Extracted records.
####

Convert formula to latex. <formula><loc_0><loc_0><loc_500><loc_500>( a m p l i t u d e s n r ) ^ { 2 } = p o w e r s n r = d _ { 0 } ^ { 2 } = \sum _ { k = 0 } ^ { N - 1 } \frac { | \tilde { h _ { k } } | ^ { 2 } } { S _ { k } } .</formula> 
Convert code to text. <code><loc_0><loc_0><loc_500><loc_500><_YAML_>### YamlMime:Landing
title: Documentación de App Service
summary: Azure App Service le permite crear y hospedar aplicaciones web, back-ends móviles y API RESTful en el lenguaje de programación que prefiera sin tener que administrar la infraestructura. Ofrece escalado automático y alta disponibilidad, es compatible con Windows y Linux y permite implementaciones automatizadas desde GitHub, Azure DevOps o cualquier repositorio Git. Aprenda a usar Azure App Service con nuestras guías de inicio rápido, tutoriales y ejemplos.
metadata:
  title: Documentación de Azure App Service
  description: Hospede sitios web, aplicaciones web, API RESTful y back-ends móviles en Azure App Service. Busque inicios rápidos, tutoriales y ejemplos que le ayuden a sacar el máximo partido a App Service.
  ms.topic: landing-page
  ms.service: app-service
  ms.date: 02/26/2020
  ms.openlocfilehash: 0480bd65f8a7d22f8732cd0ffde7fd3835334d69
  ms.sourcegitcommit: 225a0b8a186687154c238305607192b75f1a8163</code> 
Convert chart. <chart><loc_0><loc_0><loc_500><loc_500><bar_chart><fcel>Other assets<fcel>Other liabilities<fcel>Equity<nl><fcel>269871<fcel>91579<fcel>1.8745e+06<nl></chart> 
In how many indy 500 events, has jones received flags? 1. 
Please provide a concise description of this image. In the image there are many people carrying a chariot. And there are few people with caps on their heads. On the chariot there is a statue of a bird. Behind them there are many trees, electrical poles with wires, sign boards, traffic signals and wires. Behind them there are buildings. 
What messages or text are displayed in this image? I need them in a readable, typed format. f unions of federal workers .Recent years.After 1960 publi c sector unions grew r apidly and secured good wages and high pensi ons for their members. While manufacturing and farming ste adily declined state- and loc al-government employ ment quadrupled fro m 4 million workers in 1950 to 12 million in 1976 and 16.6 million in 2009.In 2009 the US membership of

####

Work to be completed. Filter the entries and keep only the lines holding "ejemplos".

Answer space.
summary: Azure App Service le permite crear y hospedar aplicaciones web, back-ends móviles y API RESTful en el lenguaje de programación que prefiera sin tener que administrar la infraestructura. Ofrece escalado automático y alta disponibilidad, es compatible con Windows y Linux y permite implementaciones automatizadas desde GitHub, Azure DevOps o cualquier repositorio Git. Aprenda a usar Azure App Service con nuestras guías de inicio rápido, tutoriales y ejemplos.
  description: Hospede sitios web, aplicaciones web, API RESTful y back-ends móviles en Azure App Service. Busque inicios rápidos, tutoriales y ejemplos que le ayuden a sacar el máximo partido a App Service.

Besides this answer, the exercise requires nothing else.